Required action
List all lines of the data that include the string "dxfattribs".

(Collection entries)
====

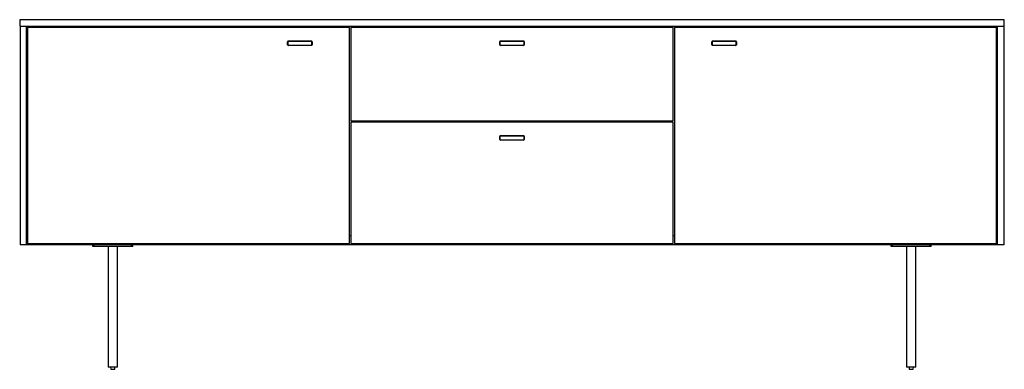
# Model space of a CAD drawing. Header units: millimetres. Extents: x -1005 to 1005, y -476 to 236.
import ezdxf

# ---------------------------------------------------------------- set-up
doc = ezdxf.new("R2010")
doc.units = ezdxf.units.MM

msp = doc.modelspace()

# ---------------------------------------------------------------- linework, layer by layer
at = {"color": 7, "linetype": 'Continuous', "lineweight": 25}
for p, q in [((-1005, 236), (-1005, 223)), ((1005, 236), (-1005, 236)), ((-1005, 223), (1005, 223)), ((-1004, 223), (-1004, -223)), ((-991, -223), (-991, 223)), ((-712.5, 223), (-712.5, 220)), ((-612.5, 223), (-612.5, 220)), ((-339.2, 220), (-339.2, 223)), ((-320.2, 223), (-320.2, 220)), ((320.2, 223), (320.2, 220)), ((339.2, 220), (339.2, 223)), ((612.5, 223), (612.5, 220)), ((712.5, 223), (712.5, 220)), ((991, -223), (991, 223)), ((1004, 223), (1004, -223)), ((1005, 223), (1005, 236)), ((-331.7, 220), (-989, 220)), ((-989, 220), (-989, -220)), ((-331.7, -220), (-331.7, 220)), ((-328.7, 220), (-328.7, 30)), ((328.7, 220), (-328.7, 220)), ((328.7, 30), (328.7, 220)), ((331.7, 220), (331.7, -220)), ((989, 220), (331.7, 220)), ((989, -220), (989, 220)), ((-457.5, 191), (-458, 191)), ((-458, 185), (-458, 191)), ((-457.5, 185), (-458, 185)), ((-457.5, 191), (-457.5, 185)), ((-456.5, 192), (-456.5, 192.5)), ((-456.5, 192.5), (-409.5, 192.5)), ((-409.5, 192), (-456.5, 192)), ((-456.5, 184), (-409.5, 184)), ((-456.5, 184), (-456.5, 183.5)), ((-409.5, 183.5), (-456.5, 183.5)), ((-409.5, 192.5), (-409.5, 192)), ((-409.5, 183.5), (-409.5, 184)), ((-408.5, 185), (-408.5, 191)), ((-408, 191), (-408.5, 191)), ((-408, 185), (-408.5, 185)), ((-408, 191), (-408, 185)), ((-24.5, 191), (-25, 191)), ((-25, 185), (-25, 191)), ((-24.5, 185), (-25, 185)), ((-24.5, 191), (-24.5, 185)), ((-23.5, 192), (-23.5, 192.5)), ((-23.5, 192.5), (23.5, 192.5)), ((23.5, 192), (-23.5, 192)), ((-23.5, 184), (23.5, 184)), ((-23.5, 184), (-23.5, 183.5)), ((23.5, 183.5), (-23.5, 183.5)), ((23.5, 192.5), (23.5, 192)), ((23.5, 183.5), (23.5, 184)), ((24.5, 185), (24.5, 191)), ((25, 191), (24.5, 191)), ((25, 185), (24.5, 185)), ((25, 191), (25, 185)), ((408.5, 191), (408, 191)), ((408, 185), (408, 191)), ((408.5, 185), (408, 185)), ((408.5, 191), (408.5, 185)), ((409.5, 192), (409.5, 192.5)), ((409.5, 192.5), (456.5, 192.5)), ((456.5, 192), (409.5, 192)), ((409.5, 184), (409.5, 183.5)), ((409.5, 184), (456.5, 184)), ((456.5, 183.5), (409.5, 183.5)), ((456.5, 192.5), (456.5, 192)), ((456.5, 183.5), (456.5, 184)), ((457.5, 185), (457.5, 191)), ((458, 191), (457.5, 191)), ((458, 185), (457.5, 185)), ((458, 191), (458, 185)), ((-328.7, 30), (328.7, 30)), ((-328.7, 27), (-328.7, -220)), ((328.7, 27), (-328.7, 27)), ((-320.2, 30), (-320.2, 27)), ((320.2, 30), (320.2, 27)), ((328.7, -220), (328.7, 27)), ((-991, 19), (-989, 19)), ((-991, 0), (-989, 0)), ((991, 19), (989, 19)), ((991, 0), (989, 0)), ((-25, -8), (-25, -2)), ((-24.5, -2), (-25, -2)), ((-24.5, -8), (-25, -8)), ((-24.5, -2), (-24.5, -8)), ((-23.5, -1), (-23.5, -0.5)), ((-23.5, -0.5), (23.5, -0.5)), ((23.5, -1), (-23.5, -1)), ((-23.5, -9), (23.5, -9)), ((-23.5, -9), (-23.5, -9.5)), ((23.5, -9.5), (-23.5, -9.5)), ((23.5, -0.5), (23.5, -1)), ((23.5, -9.5), (23.5, -9)), ((24.5, -8), (24.5, -2)), ((25, -2), (24.5, -2)), ((25, -8), (24.5, -8)), ((25, -2), (25, -8)), ((-991, -204), (-989, -204)), ((-989, -220), (-331.7, -220)), ((-331.7, -204), (-328.7, -204)), ((-328.7, -220), (328.7, -220)), ((328.7, -204), (331.7, -204)), ((331.7, -220), (989, -220)), ((989, -204), (991, -204)), ((1004, -223), (-1004, -223)), ((-856, -226), (-856, -223)), ((-774, -226), (-856, -226)), ((-853, -226), (-853, -223)), ((-824.5, -226), (-824.5, -472)), ((-805.5, -472), (-805.5, -226)), ((-777, -226), (-777, -223)), ((-774, -226), (-774, -223)), ((774, -226), (774, -223)), ((856, -226), (774, -226)), ((777, -226), (777, -223)), ((805.5, -226), (805.5, -472)), ((824.5, -472), (824.5, -226)), ((853, -226), (853, -223)), ((856, -226), (856, -223)), ((-805.5, -472), (-824.5, -472)), ((-819.5, -472), (-819, -476.5)), ((-819, -476.5), (-811, -476.5)), ((-811, -476.5), (-810.5, -472)), ((824.5, -472), (805.5, -472)), ((810.5, -472), (811, -476.5)), ((811, -476.5), (819, -476.5)), ((819, -476.5), (819.5, -472))]:
    msp.add_line(p, q, dxfattribs=at)
for centre, radius, start, end in [((-456.5, 191), 1.5, 90, 180), ((-456.5, 185), 1.5, 180, 270), ((-456.5, 191), 1, 90, 180), ((-456.5, 185), 1, 180, 270), ((-409.5, 191), 1.5, 0, 90), ((-409.5, 191), 1, 360, 90), ((-409.5, 185), 1, 270, 0), ((-409.5, 185), 1.5, 270, 0), ((-23.5, 191), 1.5, 90, 180), ((-23.5, 185), 1.5, 180, 270), ((-23.5, 191), 1, 90, 180), ((-23.5, 185), 1, 180, 270), ((23.5, 191), 1.5, 0, 90), ((23.5, 191), 1, 0, 90), ((23.5, 185), 1, 270, 360), ((23.5, 185), 1.5, 270, 0), ((409.5, 191), 1.5, 90, 180), ((409.5, 185), 1.5, 180, 270), ((409.5, 191), 1, 90, 180), ((409.5, 185), 1, 180, 270), ((456.5, 191), 1.5, 0, 90), ((456.5, 191), 1, 360, 90), ((456.5, 185), 1, 270, 0), ((456.5, 185), 1.5, 270, 0), ((-23.5, -2), 1.5, 90, 180), ((-23.5, -8), 1.5, 180, 270), ((-23.5, -2), 1, 90, 180), ((-23.5, -8), 1, 180, 270), ((23.5, -2), 1.5, 0, 90), ((23.5, -2), 1, 0, 90), ((23.5, -8), 1, 270, 0), ((23.5, -8), 1.5, 270, 0)]:
    msp.add_arc(centre, radius, start, end, dxfattribs=at)

doc.saveas('drawing.dxf')

====

Task solution
    msp.add_line(p, q, dxfattribs=at)
    msp.add_arc(centre, radius, start, end, dxfattribs=at)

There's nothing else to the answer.